Flip AI Development on Its Head
Most people throw AI at problems expecting magic. The better approach: get granular on tasks first, then apply AI to augment specific steps.
Flip AI Development on Its Head
Most people have AI development backwards.
The conventional approach is seductive: throw your problem at AI and let it figure everything out. Feed it the idea, step back, and wait for the magic.
But this is exactly wrong.
The Real Approach: Granularity First, AI Second
What I truly believe is that we need to get granular on tasks first, then create automated systems that—in many cases—don't even need AI to accomplish them. Or, when they do need AI, the AI augments specific steps rather than replacing the entire process.
Consider the task of writing a blog post. It seems like one thing, but it's actually a step-by-step process:
- Come up with an idea — What am I going to write about?
- Write it out and structure my thoughts — Get the ideas down, organize them
- Create different sections — Break it into digestible chunks
- Log into the system — Upload the blog post to the internet
- Create and upload an image — Either make one or select from existing images
This granular understanding is everything. If you understand each individual step of the process, then AI can actually call the tools that accomplish each step.
This Pattern Is Everywhere
The same principle applies across every business function.
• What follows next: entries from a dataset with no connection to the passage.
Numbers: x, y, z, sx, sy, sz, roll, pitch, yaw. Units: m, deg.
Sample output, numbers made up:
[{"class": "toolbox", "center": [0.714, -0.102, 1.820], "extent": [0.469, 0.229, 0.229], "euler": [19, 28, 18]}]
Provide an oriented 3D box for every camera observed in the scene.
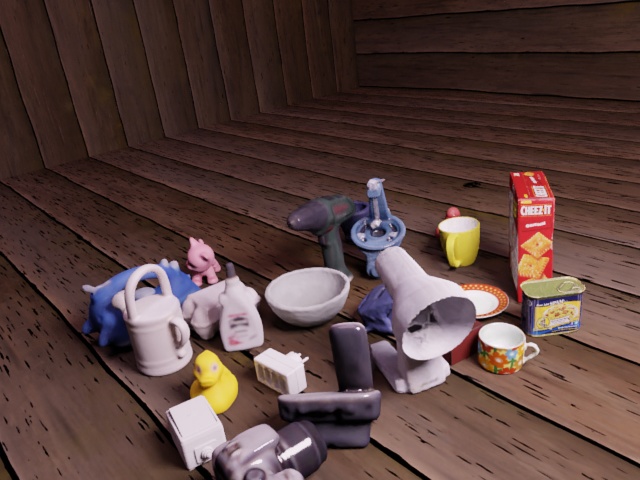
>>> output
[{"class": "camera", "center": [-0.051, 0.285, 0.717], "extent": [0.137, 0.101, 0.142], "euler": [-22, 27, -31]}]

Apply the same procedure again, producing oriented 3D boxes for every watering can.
[{"class": "watering can", "center": [-0.303, 0.135, 1.021], "extent": [0.172, 0.194, 0.101], "euler": [-1, 24, 14]}]

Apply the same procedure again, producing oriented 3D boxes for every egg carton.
[{"class": "egg carton", "center": [-0.199, 0.135, 1.148], "extent": [0.151, 0.069, 0.107], "euler": [-23, 28, -32]}]

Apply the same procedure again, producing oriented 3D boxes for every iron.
[{"class": "iron", "center": [-0.352, 0.109, 1.161], "extent": [0.118, 0.141, 0.259], "euler": [16, 32, 43]}]

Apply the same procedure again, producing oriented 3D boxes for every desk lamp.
[{"class": "desk lamp", "center": [0.142, 0.128, 0.880], "extent": [0.118, 0.214, 0.202], "euler": [-14, 24, -16]}]

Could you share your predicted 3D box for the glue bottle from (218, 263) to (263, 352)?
[{"class": "glue bottle", "center": [-0.151, 0.119, 1.039], "extent": [0.078, 0.173, 0.037], "euler": [-11, 24, -8]}]

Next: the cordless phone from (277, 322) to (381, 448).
[{"class": "cordless phone", "center": [0.009, 0.193, 0.804], "extent": [0.147, 0.185, 0.094], "euler": [-6, 23, 3]}]

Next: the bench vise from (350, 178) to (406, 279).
[{"class": "bench vise", "center": [0.121, -0.048, 1.287], "extent": [0.121, 0.220, 0.207], "euler": [-9, 23, -3]}]

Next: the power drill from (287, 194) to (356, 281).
[{"class": "power drill", "center": [0.011, 0.004, 1.213], "extent": [0.075, 0.209, 0.230], "euler": [6, 26, 28]}]

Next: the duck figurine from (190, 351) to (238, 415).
[{"class": "duck figurine", "center": [-0.177, 0.219, 0.927], "extent": [0.077, 0.086, 0.104], "euler": [-9, 23, -3]}]

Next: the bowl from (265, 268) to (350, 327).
[{"class": "bowl", "center": [-0.021, 0.122, 1.120], "extent": [0.167, 0.075, 0.167], "euler": [-6, 23, 3]}]

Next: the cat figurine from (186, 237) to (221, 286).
[{"class": "cat figurine", "center": [-0.274, 0.042, 1.326], "extent": [0.067, 0.118, 0.127], "euler": [-9, 23, -4]}]

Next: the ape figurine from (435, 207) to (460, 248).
[{"class": "ape figurine", "center": [0.313, -0.033, 1.357], "extent": [0.077, 0.092, 0.076], "euler": [3, 25, 22]}]

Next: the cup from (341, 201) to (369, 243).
[{"class": "cup", "center": [0.073, -0.039, 1.438], "extent": [0.118, 0.095, 0.091], "euler": [-9, 23, -4]}]

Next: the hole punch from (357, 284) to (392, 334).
[{"class": "hole punch", "center": [0.125, 0.116, 1.069], "extent": [0.100, 0.091, 0.109], "euler": [4, 26, 25]}]
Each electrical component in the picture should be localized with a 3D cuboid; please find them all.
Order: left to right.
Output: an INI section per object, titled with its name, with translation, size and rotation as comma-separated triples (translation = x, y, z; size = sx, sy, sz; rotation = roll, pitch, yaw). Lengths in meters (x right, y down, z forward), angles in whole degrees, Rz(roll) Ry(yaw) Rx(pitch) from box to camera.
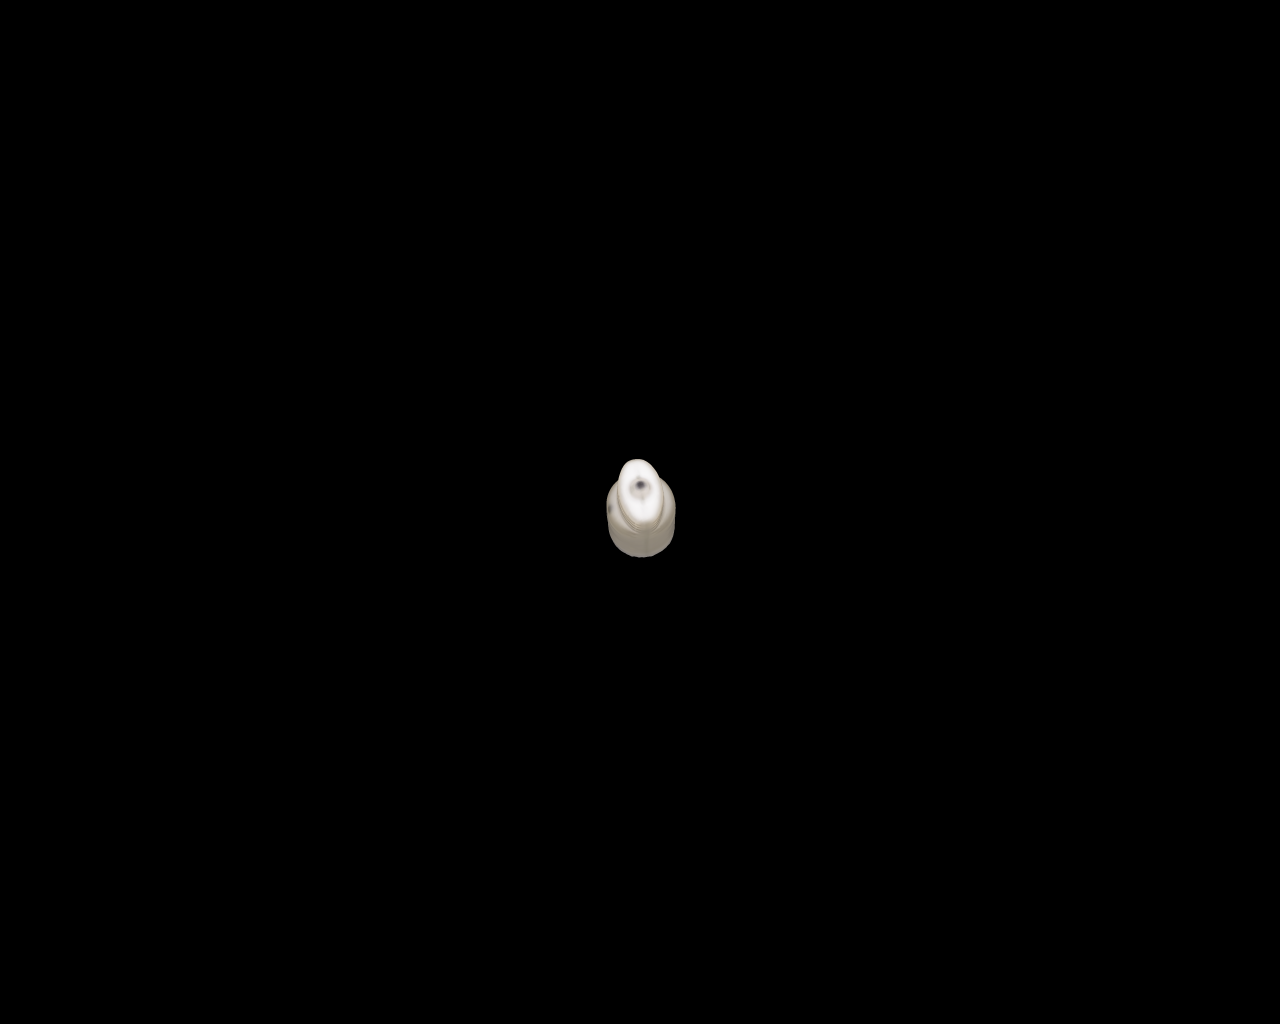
[electrical component]
translation = 0.001, -0.003, 0.650
size = 0.043, 0.043, 0.080
rotation = 0, -20, 0

Grocery shopping by an employee:
- Get in the car
- Drive to the grocery store
- Pay for the groceries
- Pick them up
- Drive back
- Unpack
- Cook the food
Sales workflows:
- Reach out to 20 new people a day
- Do 5-10 calls
- Track conversion rates
- Report results back to the CEO in compact format so they can say "Yes, that was done right" or "No, we need to adjust"
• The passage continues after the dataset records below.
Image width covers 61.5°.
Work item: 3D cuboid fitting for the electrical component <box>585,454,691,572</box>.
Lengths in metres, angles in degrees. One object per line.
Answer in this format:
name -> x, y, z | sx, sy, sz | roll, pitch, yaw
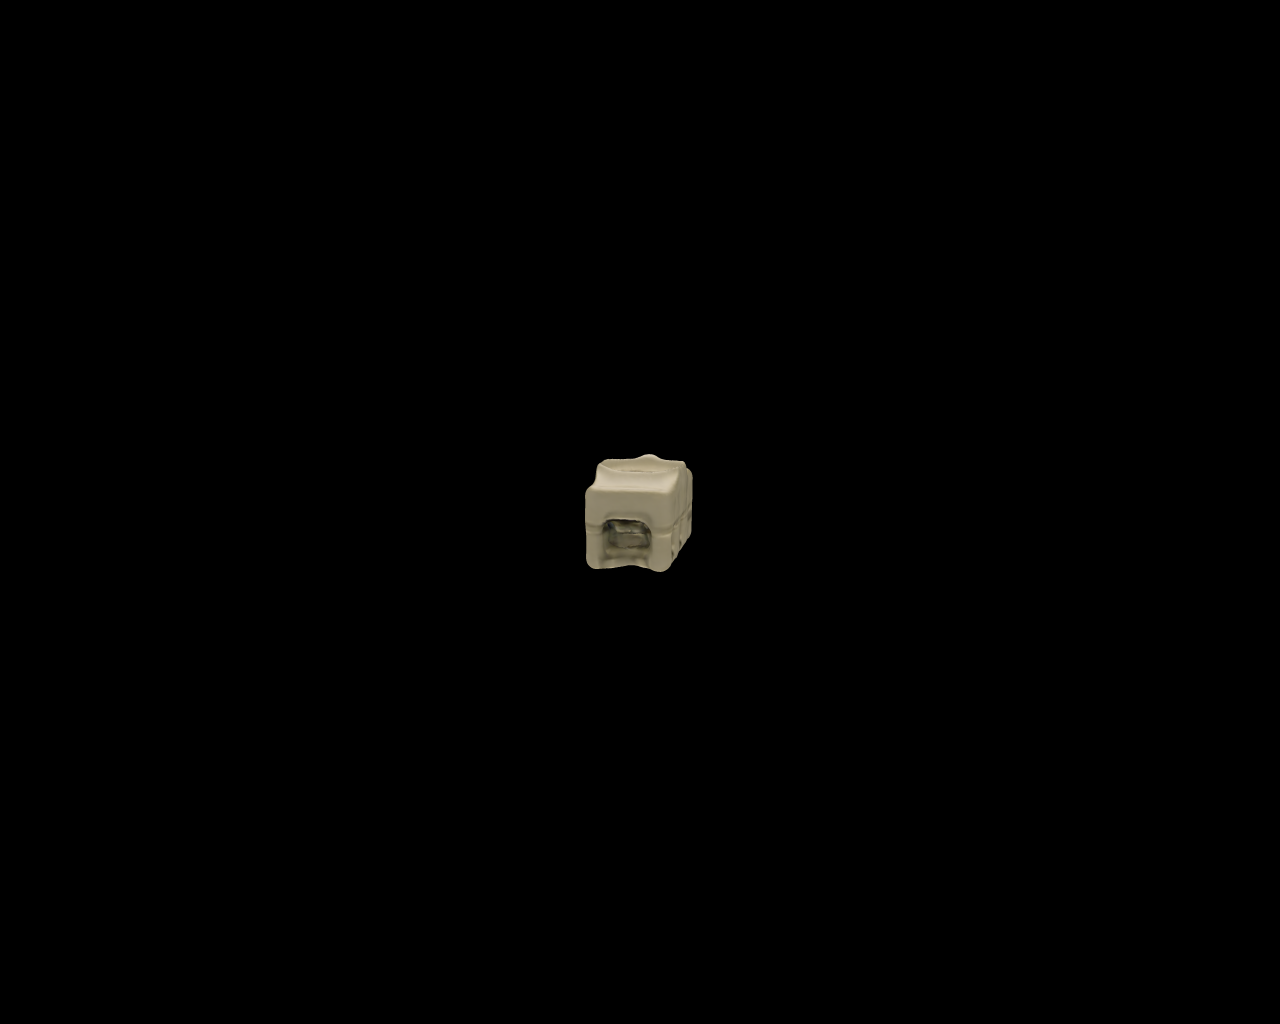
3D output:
electrical component -> 0.001, -0.003, 0.650 | 0.050, 0.055, 0.089 | 2, 12, 11
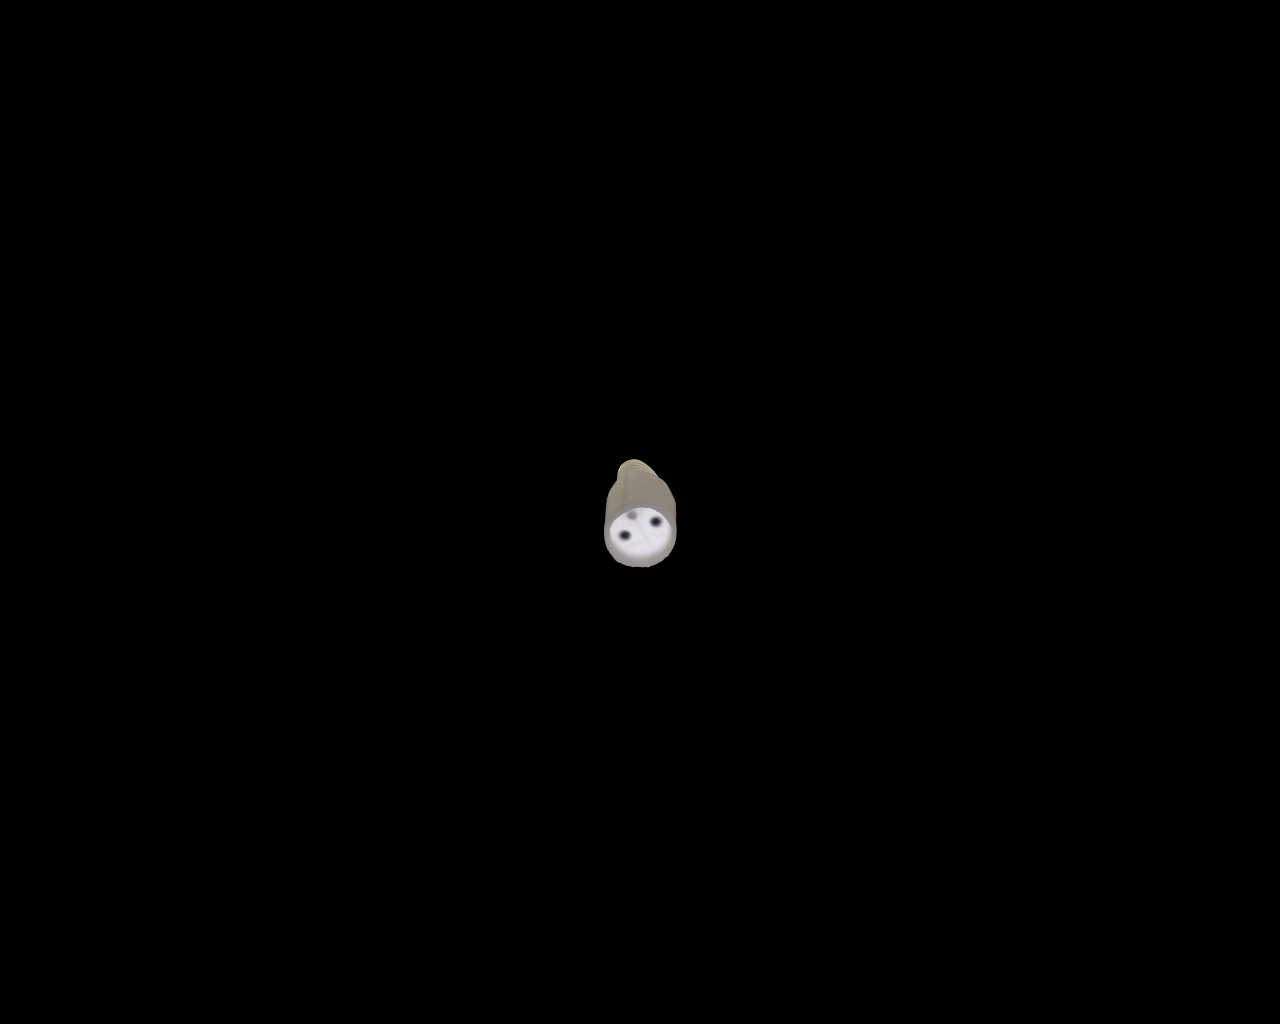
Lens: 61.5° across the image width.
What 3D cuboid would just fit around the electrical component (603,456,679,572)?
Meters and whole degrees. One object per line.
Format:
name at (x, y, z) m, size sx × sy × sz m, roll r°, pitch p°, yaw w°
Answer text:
electrical component at (0.001, -0.003, 0.650) m, size 0.043 × 0.043 × 0.081 m, roll 0°, pitch 27°, yaw 0°

Why Granularity Unlocks AI
When processes are granular, two things become possible:
- You can automate without AI — Many steps are just deterministic: log in, upload, navigate. No intelligence required.
- AI becomes a precision tool — Instead of hoping AI will "figure out" your vague problem, you apply AI to the specific steps where it adds value. AI can help with ideation. AI can help structure thoughts. AI can draft outreach messages. But you control which steps get AI augmentation.
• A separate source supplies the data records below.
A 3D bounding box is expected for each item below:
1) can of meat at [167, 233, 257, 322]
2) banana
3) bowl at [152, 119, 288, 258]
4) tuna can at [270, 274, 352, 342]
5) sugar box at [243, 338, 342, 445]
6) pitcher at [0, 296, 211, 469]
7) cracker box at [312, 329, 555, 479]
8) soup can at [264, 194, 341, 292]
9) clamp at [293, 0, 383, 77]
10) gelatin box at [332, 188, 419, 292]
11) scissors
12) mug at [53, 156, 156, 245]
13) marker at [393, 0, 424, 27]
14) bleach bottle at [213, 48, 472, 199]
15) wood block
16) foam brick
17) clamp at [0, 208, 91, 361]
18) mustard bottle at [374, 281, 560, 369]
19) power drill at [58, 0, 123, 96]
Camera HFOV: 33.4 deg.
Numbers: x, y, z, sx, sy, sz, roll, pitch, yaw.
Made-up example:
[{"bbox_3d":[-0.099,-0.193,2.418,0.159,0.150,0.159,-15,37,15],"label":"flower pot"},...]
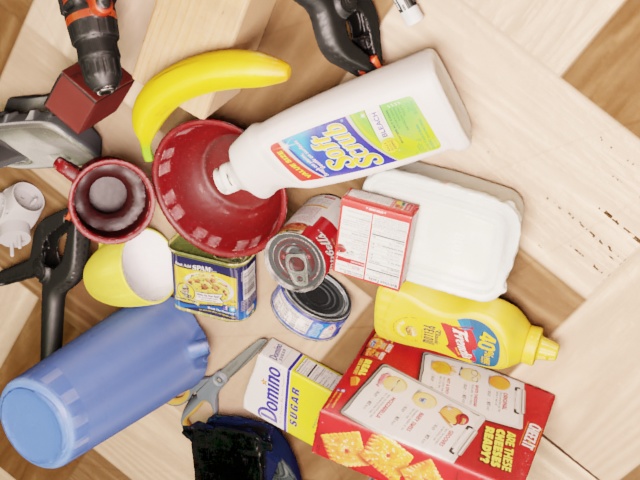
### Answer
[{"bbox_3d":[-0.121,0.041,1.222,0.102,0.057,0.084,13,122,19],"label":"can of meat"},{"bbox_3d":[-0.119,-0.143,1.025,0.198,0.037,0.069,-25,125,33],"label":"banana"},{"bbox_3d":[-0.099,-0.064,1.155,0.162,0.055,0.162,11,120,19],"label":"bowl"},{"bbox_3d":[-0.009,0.069,1.166,0.086,0.086,0.034,34,124,5],"label":"tuna can"},{"bbox_3d":[0.000,0.197,1.256,0.176,0.048,0.093,25,124,10],"label":"sugar box"},{"bbox_3d":[-0.256,0.163,1.235,0.145,0.242,0.149,41,123,12],"label":"pitcher"},{"bbox_3d":[0.121,0.195,1.126,0.214,0.164,0.072,21,125,14],"label":"cracker box"},{"bbox_3d":[-0.007,0.001,1.118,0.069,0.102,0.068,11,120,19],"label":"soup can"},{"bbox_3d":[0.016,-0.232,0.998,0.039,0.120,0.171,10,149,44],"label":"clamp"},{"bbox_3d":[0.055,0.000,1.058,0.073,0.030,0.089,16,122,16],"label":"gelatin box"},{"bbox_3d":[-0.141,0.165,1.323,0.096,0.016,0.202,33,125,6],"label":"scissors"},{"bbox_3d":[-0.242,-0.054,1.174,0.117,0.081,0.093,32,92,-19],"label":"mug"},{"bbox_3d":[0.061,-0.257,0.998,0.020,0.020,0.121,-23,105,33],"label":"marker"},{"bbox_3d":[0.014,-0.094,1.041,0.251,0.068,0.102,-21,123,20],"label":"bleach bottle"},{"bbox_3d":[-0.100,-0.235,1.042,0.090,0.090,0.206,31,125,7],"label":"wood block"},{"bbox_3d":[-0.251,-0.162,1.161,0.053,0.078,0.051,41,126,2],"label":"foam brick"},{"bbox_3d":[-0.328,0.048,1.310,0.210,0.036,0.165,-50,63,31],"label":"clamp"},{"bbox_3d":[0.154,0.090,1.115,0.192,0.058,0.096,15,142,15],"label":"mustard bottle"},{"bbox_3d":[-0.202,-0.254,1.034,0.188,0.057,0.184,-26,76,53],"label":"power drill"}]
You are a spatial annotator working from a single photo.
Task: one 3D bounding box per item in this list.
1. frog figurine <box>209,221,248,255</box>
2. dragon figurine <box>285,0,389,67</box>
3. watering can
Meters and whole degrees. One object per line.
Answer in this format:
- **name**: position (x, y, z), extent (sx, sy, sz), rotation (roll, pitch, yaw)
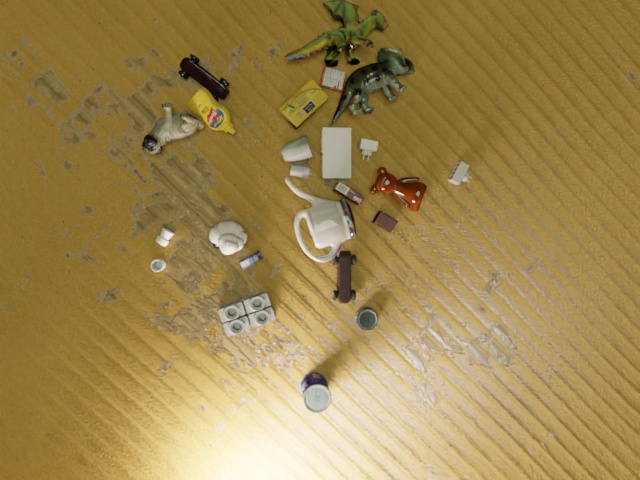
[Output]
- **frog figurine**: position (-0.329, -0.011, 1.836), extent (0.137, 0.159, 0.123), rotation (14, 89, -7)
- **dragon figurine**: position (0.065, -0.787, 1.924), extent (0.411, 0.120, 0.246), rotation (-4, 74, -8)
- **watering can**: position (0.006, -0.096, 1.905), extent (0.225, 0.103, 0.349), rotation (-16, 85, -7)

The difference between hoping AI will figure it out and designing precisely how AI will help is the difference between magic thinking and engineering thinking.
The Uncomfortable Truth
To use AI effectively, you must first become an expert at the very thing you want AI to do.
You must earn the right to delegate.
This seems counterintuitive—shouldn't AI save us from having to understand things? But the reality is: you cannot automate what you do not understand at a granular level.
The people who will thrive in the AI era aren't those with access to better models. They're those who understand their own work at atomic resolution.
AI doesn't solve problems. It executes steps within processes understood by humans who bothered to do the work of knowing their work.